Thursday, April 14, 2011

the cats that live at my house

About a year ago I was on my way to the park when I heard the cries of a young kitten; insistant and constant.  I looked and found her in the garbage.  There are quite a few street cats on my street and I assumed she had just gotten separated from her mother.   When I was heading back it was starting to rain, and she was still there crying pitifully.  I tried to grab her but she ran off.  The next day, on the way to the park with my girls, the kitten was still there and crying loud, constant meows, I don't now how the neighbours could stand it.  I told the girls if she was still their on the way home, we would take her.  This of course was easier said than done.  Even though she was tiny and half starved, it took three adults and three kids to catch her (she bit one guy trying to help us).

Hungry, dirty, and full of fleas Cookie came into our lives.  She was too small for solid food when we first brought her home.
But within a couple of weeks she was eating kibble.  As a little kitten, she spent a lot of time with the kids, I would often find her sleeping in the doll house while the girls played beside.  She has grown into a lovely cat and we all adore her, even my, not very pet enthusiastic, husband.

A few months after we found Cookie, as I was getting up to start lunches and breakfast, I coud hear a kitten crying.  I opened the front door just in time to see a tabby kitten running away.  On our way home from school I told the girls to keep an eye out for him.  We saw no sign of him until we got to our house and there he was meowing under the hedge.  This is how Mowgli came to live with us.
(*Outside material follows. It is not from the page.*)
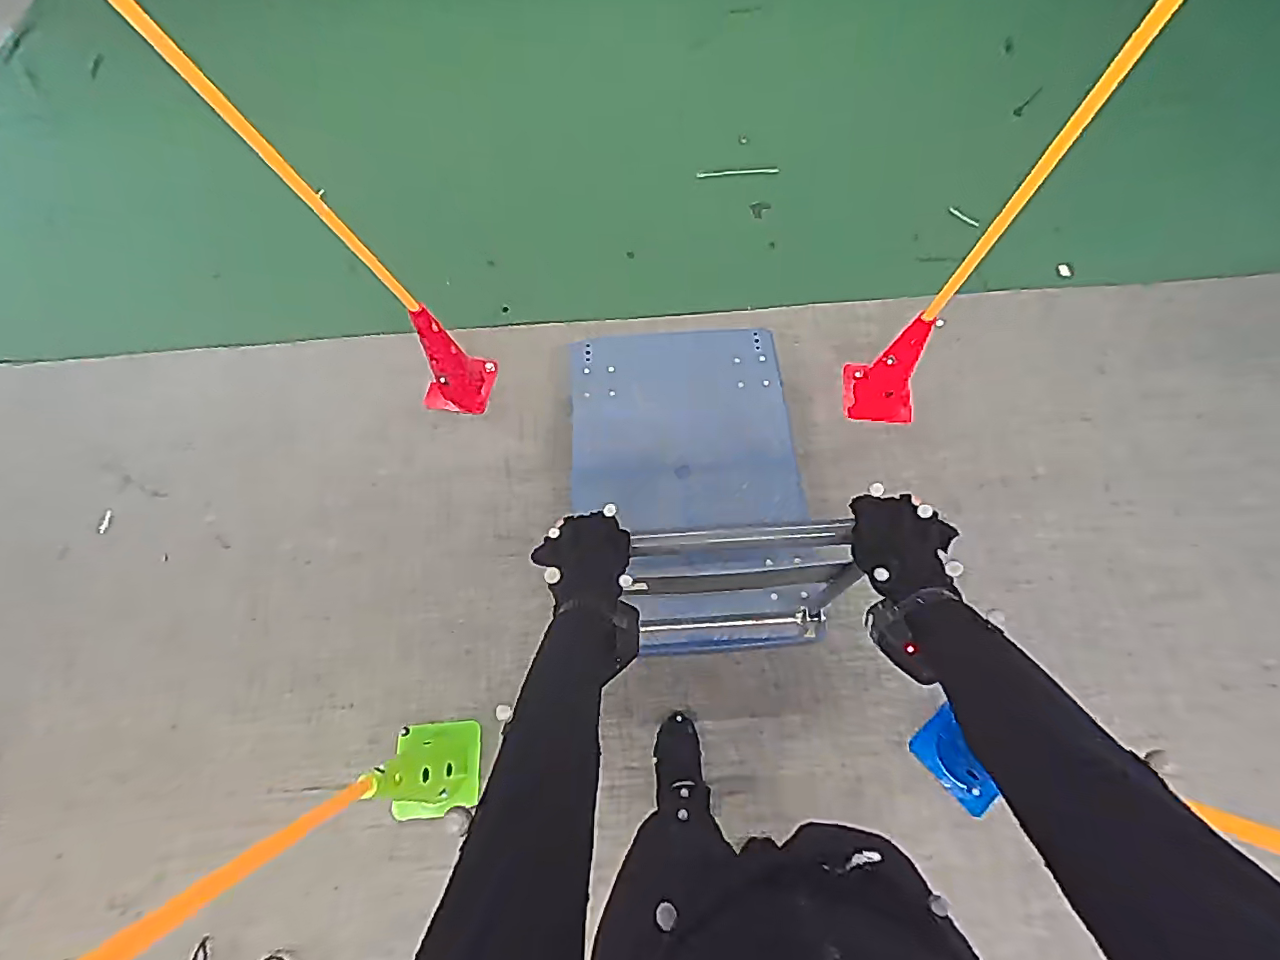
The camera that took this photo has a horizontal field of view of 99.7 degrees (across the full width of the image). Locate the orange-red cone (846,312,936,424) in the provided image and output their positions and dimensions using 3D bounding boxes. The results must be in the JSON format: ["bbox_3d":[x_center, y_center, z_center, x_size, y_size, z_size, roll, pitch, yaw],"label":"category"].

Mowgli was very wild.  Already able to eat solid food, he was not that hungry and the flea bath traumatized him.  He spent the first week under the cupboards.  I told the girls we'd take him to get fixed and release him back to the street; he seemed so miserable and scared.  But somehow he came around.  He doesn't like the kids as much as Cookie does but he's very affectionate.
Cats are really not ideal pets in the tropics because they kill stuff, and there are so many little creatures for them to hunt here.  Every lizard and bird that they kill is a tragedy and I really wish they didn't.  But Mowgli killed a rat that ran into the house the other night (that was me shrieking, up on the kitchen counter) and that seemed much more felicitous than tragic to me.  There are rats here and when the rain starts they try to move in where it's dry.  So I forgive dear Cookie and Mowgli their bloodthirsty ways.

Occasionally since I've been here in Latin America, I've encountered some pretty incredible superstition about cats.  I remember in Costa Rica, this one woman telling me how cats can steal your soul when you sleep and she was not joking.  She seemed to attribute all crib death to cats.  A lot of people in the countryside seemed to think cats were evil, dangerous and dirty.  You really only saw cats as pets in foreigners' houses.  The city is different, and here in Panama I've met quite a few people with pet cats.  So I was a little surprised when my daughter encountered the whole evil cat thing in the playground.

There's this girl we sometimes see at the playground, who verges on bully.  She's more feared than liked and honestly seems really unhappy.  I keep a close watch when my kids are playing with her, but kids know, there is always wariness when she approaches the group.  The other day she told my daughter in hushed, scandalized tones that "cats are the only animal that isn't in the bible."  This information was supposed to make my daughter feel bad or deviant for having pet cats.  The stupidity of it just kind of baffled her.  'What is that supposed to mean?"  We laughed all the way home to our devil cats.